—Si tu fais cela avec nos mauvais couteaux, tu es un homme mort, lui dirent-ils. Nous n’avons rien pour guérir la plaie qui en résulterait, et bientôt le poison monterait dans ton corps. Laisse-nous te soigner, comme nous l’entendrons.

Ce disant, ils détachaient la sous-écorce d’un sapin rouge, pour la faire bouillir. Par les lavages et les compresses répétés de cette décoction, ils lui sauvèrent les pieds, et probablement la vie.

Réduit à l’impossibilité de se tenir debout pour plusieurs mois, le père congédia l’engagé de la Compagnie qui s’offrait à l’assister, et s’installa avec les Cris, dans une tente de famille, à la place que ses infirmiers lui assignèrent, sur la peau de bête commune.

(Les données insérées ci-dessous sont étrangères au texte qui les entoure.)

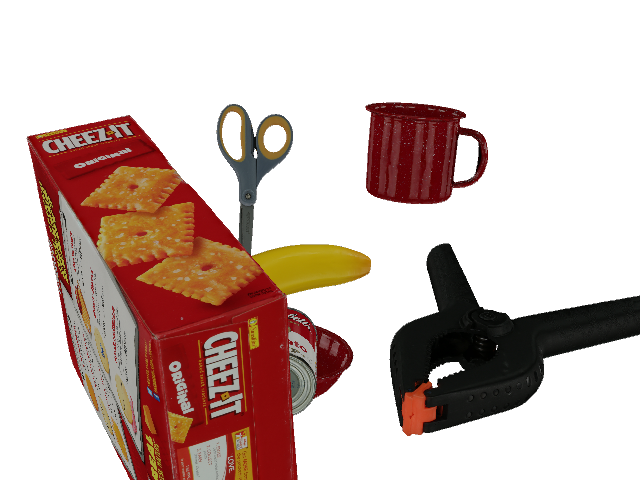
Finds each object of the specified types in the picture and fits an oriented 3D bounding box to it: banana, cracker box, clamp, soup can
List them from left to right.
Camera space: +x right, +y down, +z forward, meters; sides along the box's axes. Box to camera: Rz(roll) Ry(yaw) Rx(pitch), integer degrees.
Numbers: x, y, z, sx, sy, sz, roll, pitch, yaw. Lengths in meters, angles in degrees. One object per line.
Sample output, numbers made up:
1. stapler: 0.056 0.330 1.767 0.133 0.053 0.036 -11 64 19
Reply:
1. cracker box: -0.086 0.049 0.575 0.072 0.164 0.214 -16 35 -21
2. banana: -0.047 0.045 0.807 0.197 0.069 0.037 -36 -5 -32
3. soup can: -0.037 0.114 1.008 0.068 0.068 0.102 0 21 0
4. clamp: 0.098 0.059 0.684 0.165 0.036 0.209 19 30 35

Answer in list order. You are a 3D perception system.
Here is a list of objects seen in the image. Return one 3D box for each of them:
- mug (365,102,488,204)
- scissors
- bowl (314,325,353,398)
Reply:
1. mug: 0.097 -0.080 0.990 0.117 0.081 0.093 7 15 13
2. scissors: -0.065 -0.059 1.202 0.096 0.202 0.016 -12 -8 -13
3. bowl: -0.041 0.161 1.362 0.162 0.055 0.162 5 21 -2
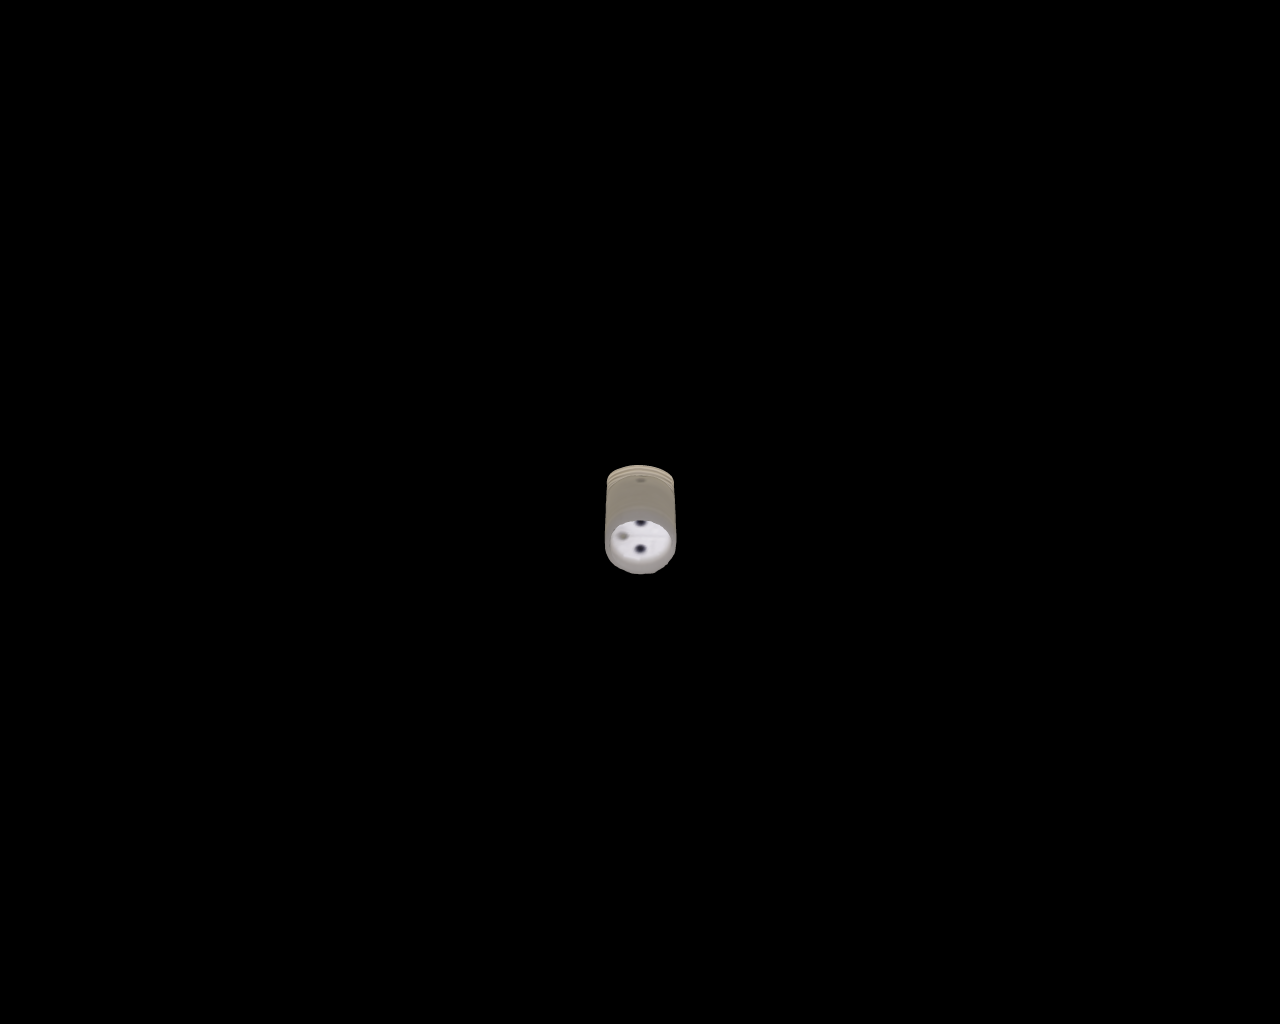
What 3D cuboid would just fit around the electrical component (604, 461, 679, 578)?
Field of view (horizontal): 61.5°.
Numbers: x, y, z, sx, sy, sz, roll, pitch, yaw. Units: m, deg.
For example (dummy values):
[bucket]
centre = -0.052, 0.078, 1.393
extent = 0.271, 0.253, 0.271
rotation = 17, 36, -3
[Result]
[electrical component]
centre = 0.001, -0.003, 0.650
extent = 0.043, 0.043, 0.081
rotation = 0, 36, 0
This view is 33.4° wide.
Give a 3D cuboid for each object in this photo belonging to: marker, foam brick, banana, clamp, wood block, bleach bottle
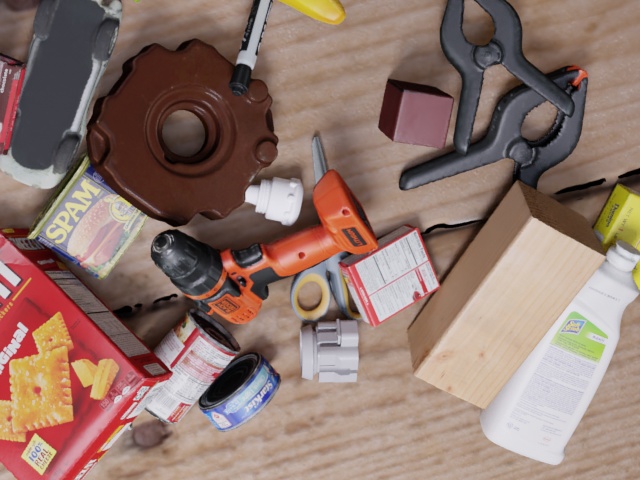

Il n’était pas là de trois semaines que la famine arriva. Les orignaux fuyaient, et les lièvres avaient déserté le pays. Pas une bouchée de réserve dans le camp. Les provisions, amenées de la pointe Carcajou et destinées à soutenir le missionnaire pendant deux ans, y passèrent d’abord; puis tout ce qui pouvait se manger des peaux et des vêtements. Les plus faibles râlaient autour des foyers, que les plus résistants pouvaient à peine entretenir encore. Une femme en vint à l’extrémité. Le prêtre lui donna, de son grabat, l’absolution suprême, et la prépara à paraître devant Dieu, n’ayant guère la force d’articuler les prières plus que l’agonisante elle-même.

—Père, dirent les Indiens, quand elle sera morte, nous permettras-tu de la manger?

—Oui, répondit-il.

En lui-même, il ne put se défendre de penser: «Aurai-je le courage d’en refuser ma part!»

Mais cette résolution de désespoir—que comprendront tous ceux qui ont eu faim—n’eut pas à s’accomplir. La Providence entendit les supplications de ses enfants. Le même jour, au moment où les derniers chasseurs, qui avaient pu avancer encore un peu dans le bois, se couchaient pour attendre la mort, ils entendirent une lointaine détonation. Ils rampèrent dans la direction en tirant eux-mêmes des coups de fusil. Les hôtes invisibles de la forêt répondirent enfin et s’approchèrent. O bonheur! C’était un groupe de Cris, qui venaient d’abattre quatre orignaux. L’abondance embrassait la misère.

—Le père est avec nous; il est malade; il se meurt, là-bas, dirent aussitôt les affamés!

—Le père! Allons vite le chercher, et, avec lui, vos femmes, vos enfants, vos vieillards!